Lucene TF-IDF correlation score formula), lucenetf-idf

Source: Internet
Author: User
Tags idf

Lucene TF-IDF Correlation Formula

Lucene in keyword query, by default, using the TF-IDF algorithm to calculate the relevance of keywords and documents, using this data sorting

TF: Word Frequency, IDF: reverse Document Frequency, TF-IDF is a statistical method, or knownVector Space ModelThe name sounds complicated, but it actually only contains two simple rules.

So the TF-IDF correlation of a term is equal to TF * IDF

These two rules are very simple, this is the core rule of TF-IDF, the second rule is actually flawed, he simply thinks that the text frequency is smaller words more important, words with a high frequency of text are useless. Obviously, this is not completely correct. It does not effectively reflect the importance of words and the distribution of feature words. For example, when searching a web document, feature words in different HTML structures have different degrees of reflection on the content of the article, there should be different weights

The advantage of TF-IDF is that the algorithm is simple and fast

Lucene has expanded the preceding rules to improve programmable rows. It adds some programming interfaces and normalize weights for Different queries. However, the core formula is still TF * IDF.

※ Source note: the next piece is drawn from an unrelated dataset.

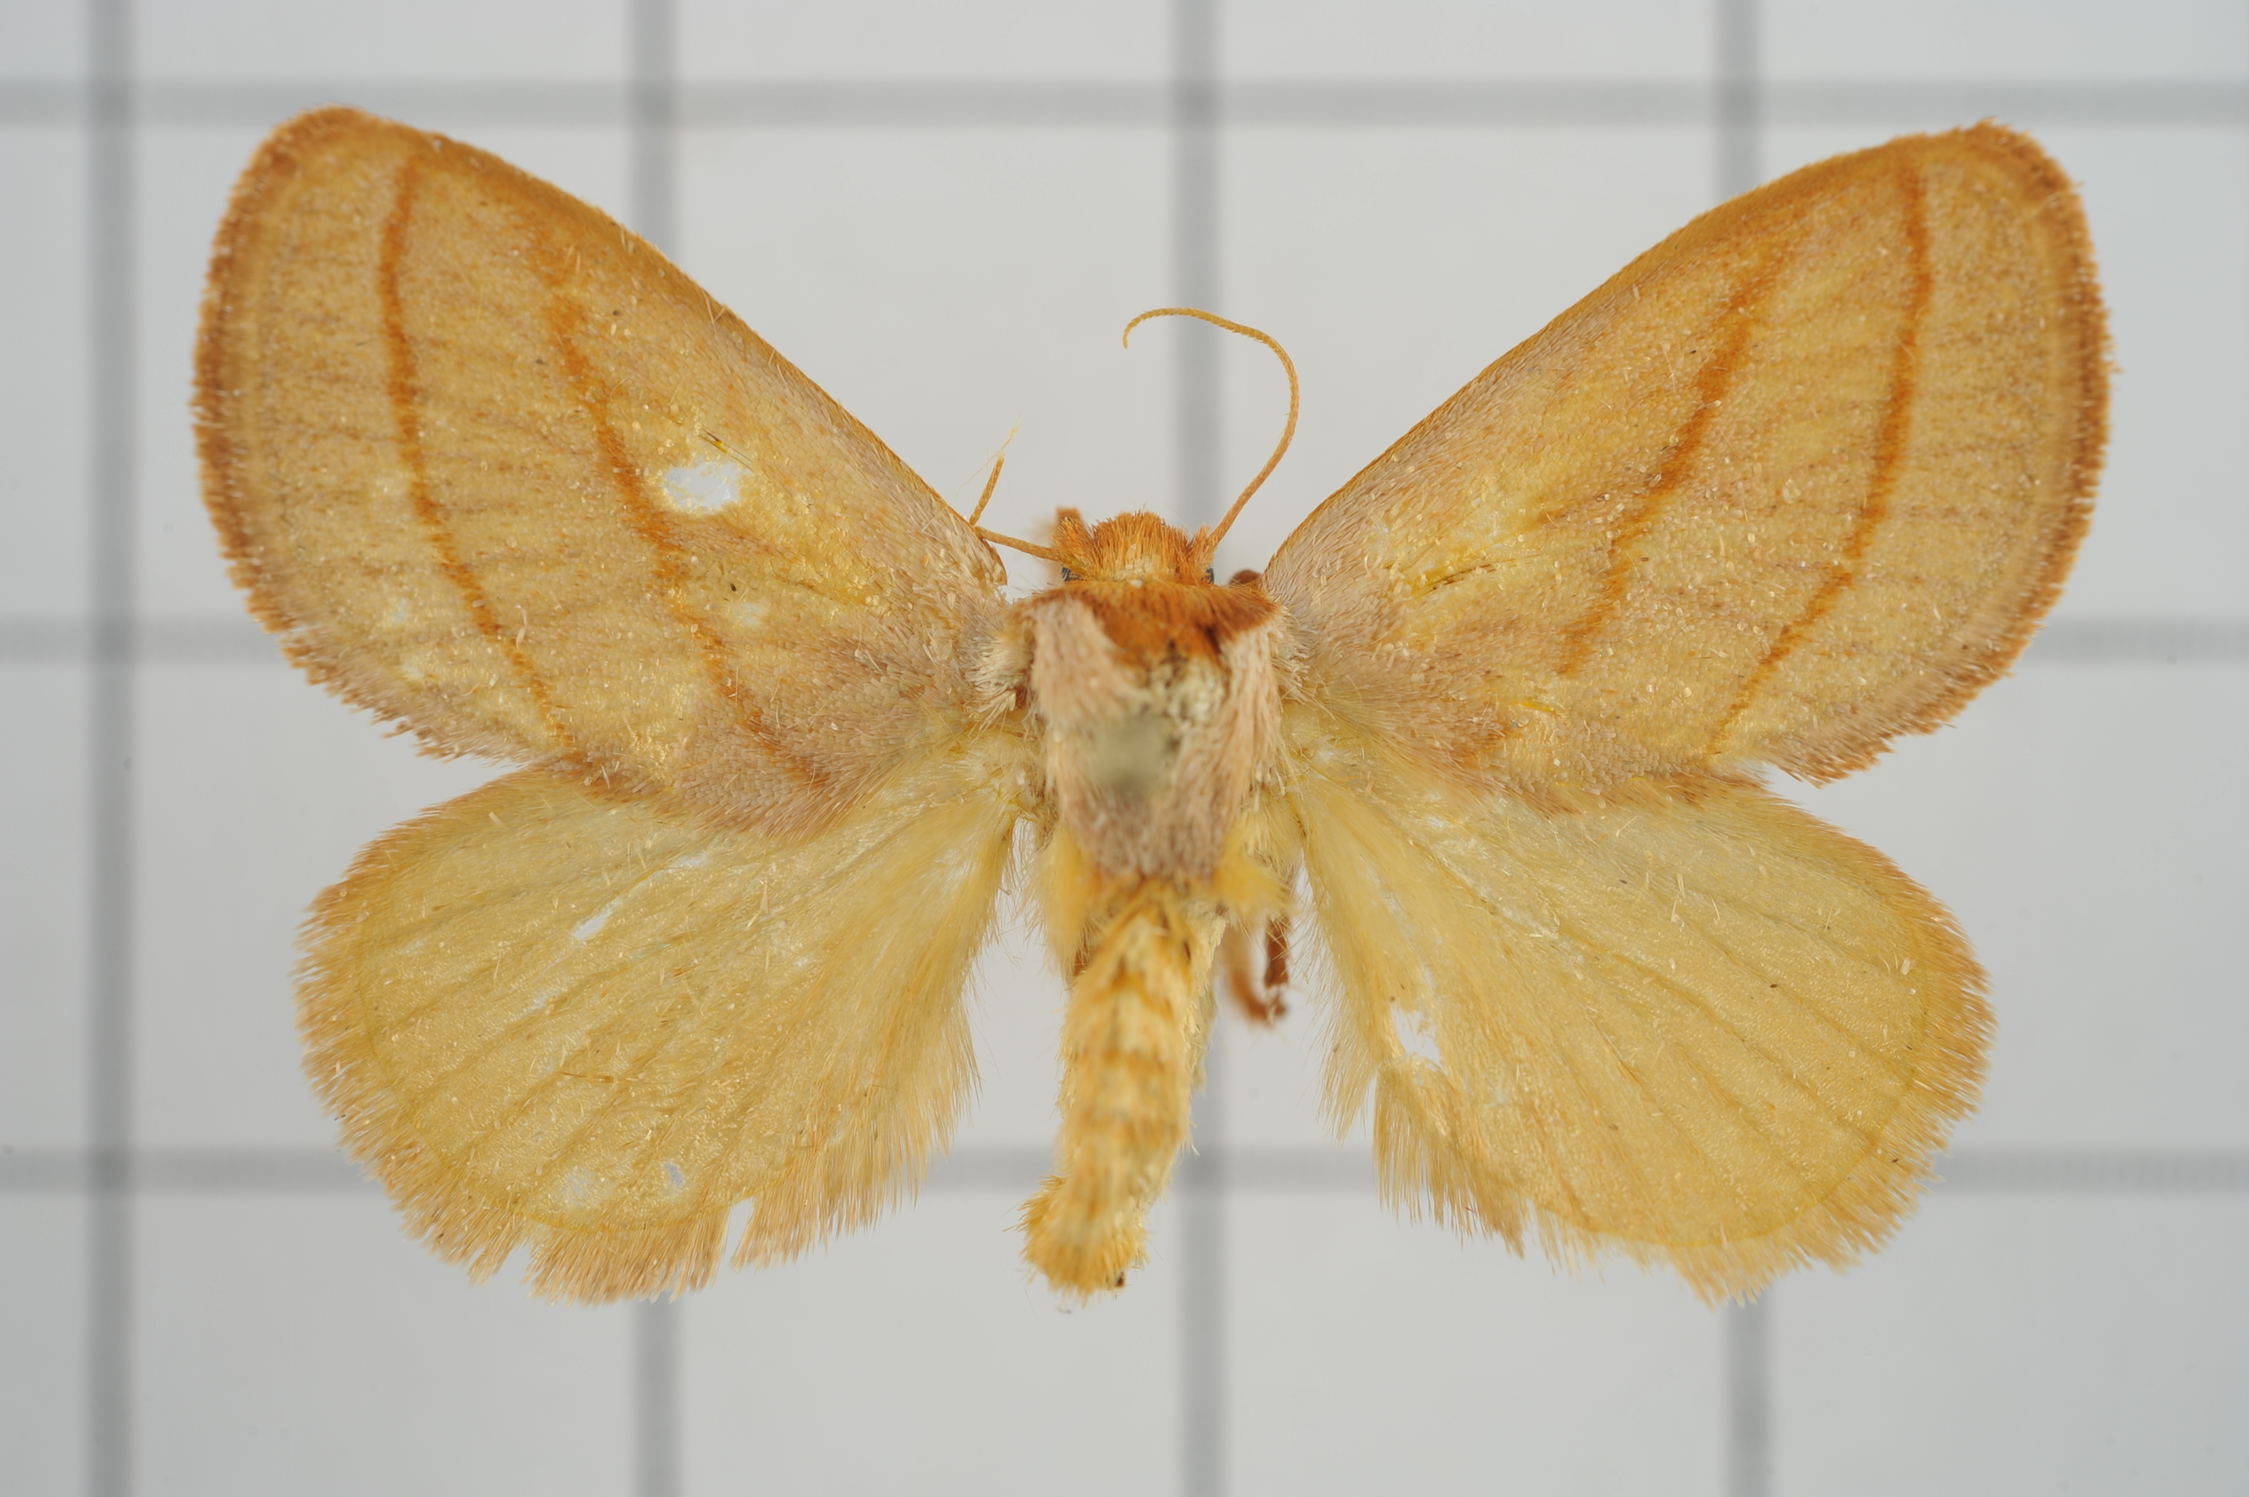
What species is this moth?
Cania heppneri

The Lucene algorithm formula is as follows:

Score (q, d) = coord (q, d) · queryNorm (q) · sigma (tf (t in d) · idf (t) 2 · t. getBoost () · norm (t, d ))

  • Tf (t in d), = Frequency interval
  • Idf (t)= 1 + log (total number of documents/(number of documents containing t + 1 ))
  • Coord (q, d)Score factor ,. The more query items in A document, the higher the matching program for some documents, for example, querying "a B C ", the document that contains both A, B, and C3 words is divided into 3 points. The document that contains only A and B is divided into 2 points. coord can disable
  • Standard query of queryNorm (q) queries, so that different queries can be compared
  • Both t. getBoost () and norm (t, d) are programmable interfaces that allow you to adjust the weights of field/document/query items.

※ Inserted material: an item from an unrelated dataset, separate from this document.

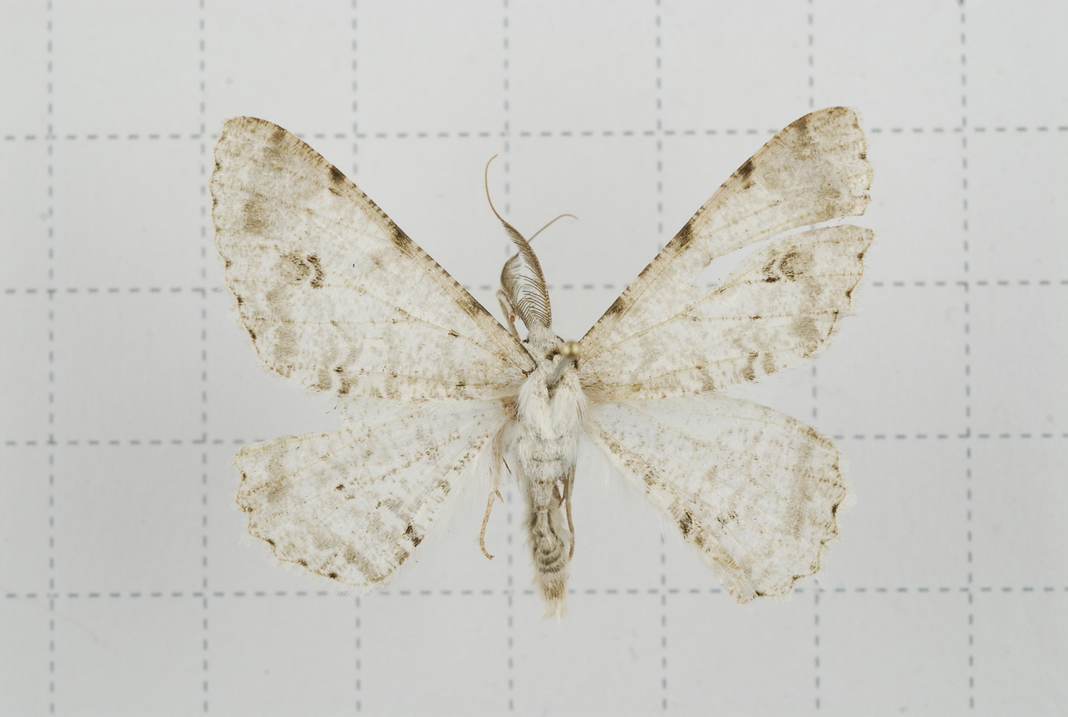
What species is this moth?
Lassaba parvalbidaria parvalbidaria

Various Programming Plug-ins are difficult to use, so we can simplify the score formula of Lucence.

score(q,d) = coord(q,d) · ∑ ( tf(t in d) · idf(t)2 )


This article address: lutaver Original article, welcome to reprint, please attach the original article link

Related Article

Contact Us

The content source of this page is from Internet, which doesn't represent Alibaba Cloud's opinion; products and services mentioned on that page don't have any relationship with Alibaba Cloud. If the content of the page makes you feel confusing, please write us an email, we will handle the problem within 5 days after receiving your email.

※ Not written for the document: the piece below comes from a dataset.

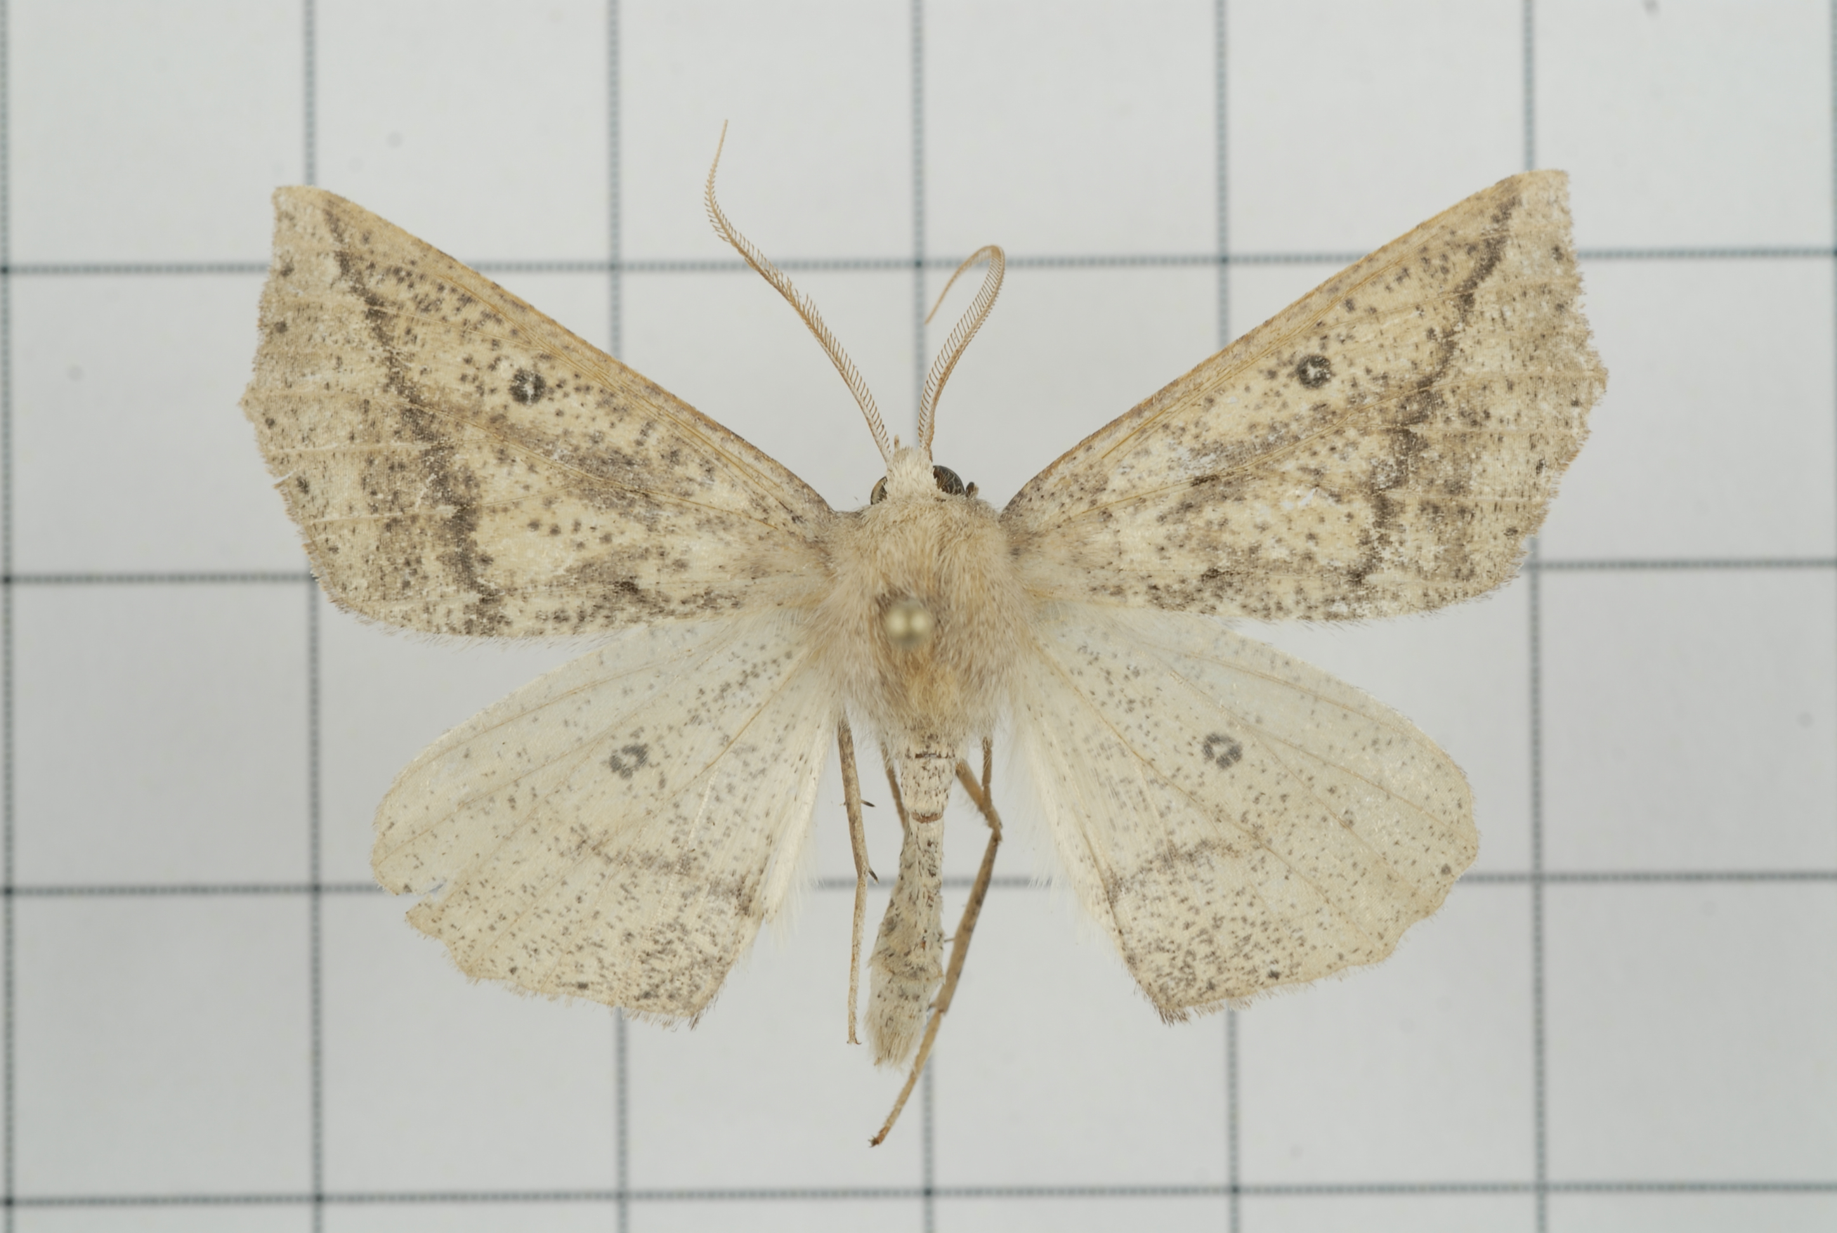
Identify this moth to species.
Odontopera albiguttulata

If you find any instances of plagiarism from the community, please send an email to: and provide relevant evidence. A staff member will contact you within 5 working days.

A Free Trial That Lets You Build Big!

Start building with 50+ products and up to 12 months usage for Elastic Compute Service

  • Sales Support

    1 on 1 presale consultation

  • After-Sales Support

    24/7 Technical Support 6 Free Tickets per Quarter Faster Response

  • Alibaba Cloud offers highly flexible support services tailored to meet your exact needs.